### TASK DESCRIPTION
The records below are to be copied word for word, with every picture left out.
--------------------------------
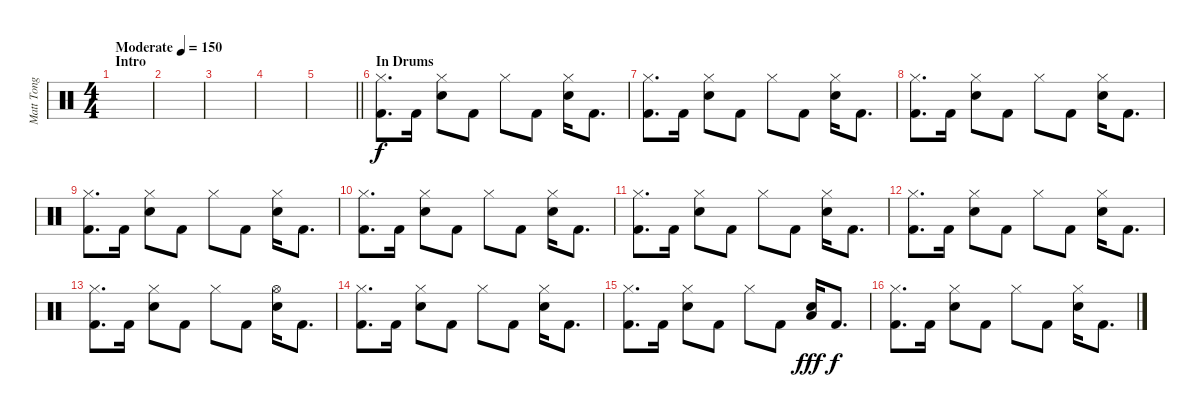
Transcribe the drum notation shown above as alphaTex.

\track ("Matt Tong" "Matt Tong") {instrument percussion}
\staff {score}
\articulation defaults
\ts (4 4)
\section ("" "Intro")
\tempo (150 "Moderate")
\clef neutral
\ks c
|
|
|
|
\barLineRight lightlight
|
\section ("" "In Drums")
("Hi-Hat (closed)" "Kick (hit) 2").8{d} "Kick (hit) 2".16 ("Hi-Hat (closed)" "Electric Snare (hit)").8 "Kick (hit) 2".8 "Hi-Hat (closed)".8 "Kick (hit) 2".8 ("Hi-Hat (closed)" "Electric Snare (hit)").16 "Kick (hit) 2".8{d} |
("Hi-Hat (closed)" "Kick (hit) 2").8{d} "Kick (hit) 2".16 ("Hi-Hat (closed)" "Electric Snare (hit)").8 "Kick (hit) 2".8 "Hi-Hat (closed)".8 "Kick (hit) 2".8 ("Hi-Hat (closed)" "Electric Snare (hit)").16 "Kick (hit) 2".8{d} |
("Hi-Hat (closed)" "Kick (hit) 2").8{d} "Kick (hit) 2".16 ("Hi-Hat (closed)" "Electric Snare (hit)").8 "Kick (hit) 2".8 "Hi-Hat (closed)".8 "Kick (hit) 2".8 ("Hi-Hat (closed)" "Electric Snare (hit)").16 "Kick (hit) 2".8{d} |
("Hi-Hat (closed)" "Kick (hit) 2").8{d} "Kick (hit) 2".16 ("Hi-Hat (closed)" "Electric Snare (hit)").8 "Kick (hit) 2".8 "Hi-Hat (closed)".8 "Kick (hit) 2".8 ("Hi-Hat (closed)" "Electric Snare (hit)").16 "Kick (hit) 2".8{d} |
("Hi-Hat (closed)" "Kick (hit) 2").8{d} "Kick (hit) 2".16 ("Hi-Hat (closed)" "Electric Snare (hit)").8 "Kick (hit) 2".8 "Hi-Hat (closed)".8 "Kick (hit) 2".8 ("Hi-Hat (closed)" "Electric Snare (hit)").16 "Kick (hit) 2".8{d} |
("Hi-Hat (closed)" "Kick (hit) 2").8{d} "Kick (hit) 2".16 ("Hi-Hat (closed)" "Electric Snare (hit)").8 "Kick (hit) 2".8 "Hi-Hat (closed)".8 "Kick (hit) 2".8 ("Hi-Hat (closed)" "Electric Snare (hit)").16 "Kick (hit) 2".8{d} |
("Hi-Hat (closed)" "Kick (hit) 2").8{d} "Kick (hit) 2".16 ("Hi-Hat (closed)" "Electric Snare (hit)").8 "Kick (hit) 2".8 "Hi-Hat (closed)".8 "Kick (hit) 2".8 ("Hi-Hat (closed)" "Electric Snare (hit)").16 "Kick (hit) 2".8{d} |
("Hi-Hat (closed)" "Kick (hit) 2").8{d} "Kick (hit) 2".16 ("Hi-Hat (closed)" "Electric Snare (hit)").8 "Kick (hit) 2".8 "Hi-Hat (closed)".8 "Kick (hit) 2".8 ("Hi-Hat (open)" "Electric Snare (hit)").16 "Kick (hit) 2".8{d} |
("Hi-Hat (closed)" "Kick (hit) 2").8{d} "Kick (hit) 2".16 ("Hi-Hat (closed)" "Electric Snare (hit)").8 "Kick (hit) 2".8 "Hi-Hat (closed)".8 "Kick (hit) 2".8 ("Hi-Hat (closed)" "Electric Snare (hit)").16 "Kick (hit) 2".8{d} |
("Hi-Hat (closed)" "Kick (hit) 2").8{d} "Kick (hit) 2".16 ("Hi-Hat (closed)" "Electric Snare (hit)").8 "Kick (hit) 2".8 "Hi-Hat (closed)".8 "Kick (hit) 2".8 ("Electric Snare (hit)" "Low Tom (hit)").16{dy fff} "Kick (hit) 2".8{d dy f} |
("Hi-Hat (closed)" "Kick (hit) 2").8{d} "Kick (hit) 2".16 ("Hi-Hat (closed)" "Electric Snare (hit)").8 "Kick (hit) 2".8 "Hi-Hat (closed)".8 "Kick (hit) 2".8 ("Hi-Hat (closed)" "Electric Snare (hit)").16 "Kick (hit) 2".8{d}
--------------------------------
### ANSWER BELOW
Transcribe the drum notation shown above as alphaTex.

\track ("Matt Tong" "Matt Tong") {instrument percussion}
\staff {score}
\articulation defaults
\ts (4 4)
\section ("" "Intro")
\tempo (150 "Moderate")
\clef neutral
\ks c
|
|
|
|
\barLineRight lightlight
|
\section ("" "In Drums")
("Hi-Hat (closed)" "Kick (hit) 2").8{d} "Kick (hit) 2".16 ("Hi-Hat (closed)" "Electric Snare (hit)").8 "Kick (hit) 2".8 "Hi-Hat (closed)".8 "Kick (hit) 2".8 ("Hi-Hat (closed)" "Electric Snare (hit)").16 "Kick (hit) 2".8{d} |
("Hi-Hat (closed)" "Kick (hit) 2").8{d} "Kick (hit) 2".16 ("Hi-Hat (closed)" "Electric Snare (hit)").8 "Kick (hit) 2".8 "Hi-Hat (closed)".8 "Kick (hit) 2".8 ("Hi-Hat (closed)" "Electric Snare (hit)").16 "Kick (hit) 2".8{d} |
("Hi-Hat (closed)" "Kick (hit) 2").8{d} "Kick (hit) 2".16 ("Hi-Hat (closed)" "Electric Snare (hit)").8 "Kick (hit) 2".8 "Hi-Hat (closed)".8 "Kick (hit) 2".8 ("Hi-Hat (closed)" "Electric Snare (hit)").16 "Kick (hit) 2".8{d} |
("Hi-Hat (closed)" "Kick (hit) 2").8{d} "Kick (hit) 2".16 ("Hi-Hat (closed)" "Electric Snare (hit)").8 "Kick (hit) 2".8 "Hi-Hat (closed)".8 "Kick (hit) 2".8 ("Hi-Hat (closed)" "Electric Snare (hit)").16 "Kick (hit) 2".8{d} |
("Hi-Hat (closed)" "Kick (hit) 2").8{d} "Kick (hit) 2".16 ("Hi-Hat (closed)" "Electric Snare (hit)").8 "Kick (hit) 2".8 "Hi-Hat (closed)".8 "Kick (hit) 2".8 ("Hi-Hat (closed)" "Electric Snare (hit)").16 "Kick (hit) 2".8{d} |
("Hi-Hat (closed)" "Kick (hit) 2").8{d} "Kick (hit) 2".16 ("Hi-Hat (closed)" "Electric Snare (hit)").8 "Kick (hit) 2".8 "Hi-Hat (closed)".8 "Kick (hit) 2".8 ("Hi-Hat (closed)" "Electric Snare (hit)").16 "Kick (hit) 2".8{d} |
("Hi-Hat (closed)" "Kick (hit) 2").8{d} "Kick (hit) 2".16 ("Hi-Hat (closed)" "Electric Snare (hit)").8 "Kick (hit) 2".8 "Hi-Hat (closed)".8 "Kick (hit) 2".8 ("Hi-Hat (closed)" "Electric Snare (hit)").16 "Kick (hit) 2".8{d} |
("Hi-Hat (closed)" "Kick (hit) 2").8{d} "Kick (hit) 2".16 ("Hi-Hat (closed)" "Electric Snare (hit)").8 "Kick (hit) 2".8 "Hi-Hat (closed)".8 "Kick (hit) 2".8 ("Hi-Hat (open)" "Electric Snare (hit)").16 "Kick (hit) 2".8{d} |
("Hi-Hat (closed)" "Kick (hit) 2").8{d} "Kick (hit) 2".16 ("Hi-Hat (closed)" "Electric Snare (hit)").8 "Kick (hit) 2".8 "Hi-Hat (closed)".8 "Kick (hit) 2".8 ("Hi-Hat (closed)" "Electric Snare (hit)").16 "Kick (hit) 2".8{d} |
("Hi-Hat (closed)" "Kick (hit) 2").8{d} "Kick (hit) 2".16 ("Hi-Hat (closed)" "Electric Snare (hit)").8 "Kick (hit) 2".8 "Hi-Hat (closed)".8 "Kick (hit) 2".8 ("Electric Snare (hit)" "Low Tom (hit)").16{dy fff} "Kick (hit) 2".8{d dy f} |
("Hi-Hat (closed)" "Kick (hit) 2").8{d} "Kick (hit) 2".16 ("Hi-Hat (closed)" "Electric Snare (hit)").8 "Kick (hit) 2".8 "Hi-Hat (closed)".8 "Kick (hit) 2".8 ("Hi-Hat (closed)" "Electric Snare (hit)").16 "Kick (hit) 2".8{d}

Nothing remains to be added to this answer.